Sub CreateZipFile(folderToZipPath As Variant, zippedFileFullName As Variant)
Dim ShellApp As Object
'Create an empty zip file
Open zippedFileFullName For Output As #1
Print #1, Chr$(80) & Chr$(75) & Chr$(5) & Chr$(6) & String(18, 0)
Close #1
'Copy the files & folders into the zip file
Set ShellApp = CreateObject("Shell.Application")
ShellApp.Namespace(zippedFileFullName).CopyHere ShellApp.Namespace(folderToZipPath).items
'Zipping the files may take a while, create loop to pause the macro until zipping has finished.
On Error Resume Next
Do Until ShellApp.Namespace(zippedFileFullName).items.Count = ShellApp.Namespace(folderToZipPath).items.Count
    Application.Wait (Now + TimeValue("0:00:01"))
On Error GoTo 0
End Sub

To call the procedure above the following code can be used within another procedure.  Change the paths to be the folder you wish to zip and the name you want the zip folder to be called.

Call CreateZipFile("C:\Users\marks\Documents\ZipThisFolder\", "C:\Users\marks\Documents\NameOFZip.zip")

This procedure will overwrite any zip folder with the same name.

Unzip a zip file to a folder

Unzipping is a much easier process and only requires the files to be copied from the zip file into the folder.

Sub UnzipAFile(zippedFileFullName As Variant, unzipToPath As Variant)
Dim ShellApp As Object
'Copy the files & folders from the zip into a folder
Set ShellApp = CreateObject("Shell.Application")
ShellApp.Namespace(unzipToPath).CopyHere ShellApp.Namespace(zippedFileFullName).items
End Sub

To call the procedure above the following code can be used within another procedure.  Change the paths to be the name of the zip file you wish to unzip and the folder you wish to put the unzipped files into.

Call UnzipAFile("C:\Users\marks\Documents\ZipHere.zip", "C:\Users\marks\Documents\UnzipHereFolder\")

How does this code actually work?

It is rarely explained how this code creates a zip file.  Let me show you.

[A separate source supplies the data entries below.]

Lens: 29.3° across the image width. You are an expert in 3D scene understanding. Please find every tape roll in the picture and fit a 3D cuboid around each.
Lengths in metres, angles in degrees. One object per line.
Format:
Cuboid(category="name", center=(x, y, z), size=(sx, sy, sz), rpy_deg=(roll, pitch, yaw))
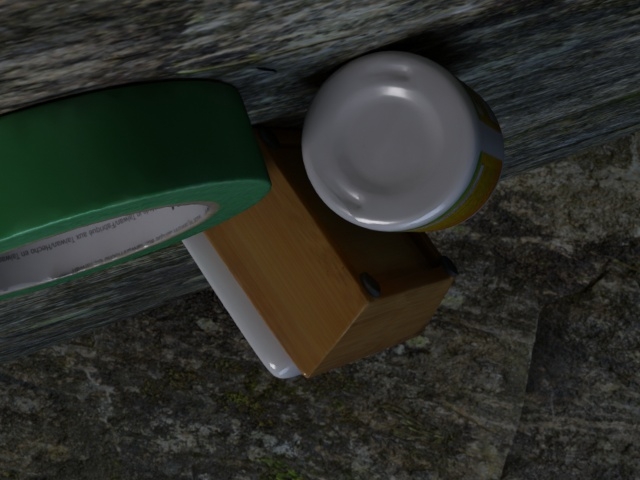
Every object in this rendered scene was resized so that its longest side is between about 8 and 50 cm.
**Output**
Cuboid(category="tape roll", center=(-0.198, -0.022, 0.897), size=(0.321, 0.077, 0.321), rpy_deg=(-19, 175, -2))

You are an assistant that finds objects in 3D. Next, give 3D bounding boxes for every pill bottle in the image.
Cuboid(category="pill bottle", center=(0.080, -0.075, 1.024), size=(0.136, 0.136, 0.246), rpy_deg=(-20, 175, 14))

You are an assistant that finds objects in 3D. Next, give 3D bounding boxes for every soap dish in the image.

Create an empty zip file just using windows.  Right-click in a folder and select New-> Compressed (zipped) folder.

Now open that file in Notepad.  The section of code (highlighted in blue) informs windows this file is a zip file.  The file is empty, so there is no code from other files in there.

The code below is the line which inserts that same character string at the start of the file.  As a result, Windows believes this is a zip folder.

Print #1, Chr$(80) & Chr$(75) & Chr$(5) & Chr$(6) & String(18, 0)

Even if we’ve created a zip file, we still need to get the files into it.  The native VBA code is not able to copy to/from a zip file, so the code uses the Shell.Application to copy the files.  Using the Shell.Application is similar to using the Windows environment, which is able to copy and paste files into a zip folder.

It is these two things together which really drive the functionality of this code.

Hi Yasser,

Possible causes for the ’91’ error could be:
(1) The file name and file path to the zip file is not correct
(2) The file path to the unzip location folder is not correct
(3) The word ‘Set’ is missing from the start of the following line of code:
Set ShellApp = CreateObject(“Shell.Application”)

Reply

I should also say that whilst the code snippets above will create the Zip file, all the folder paths must already exist.

There are other snippets in the code library to create, delete and check for existence of folder and files.

Reply

Hi guys,
I am trying so hard to make my code below running and I can’t figure out why I am getting Run-time error 91!

My variables are declared as variants (as they should be), the paths are correct and folders are created.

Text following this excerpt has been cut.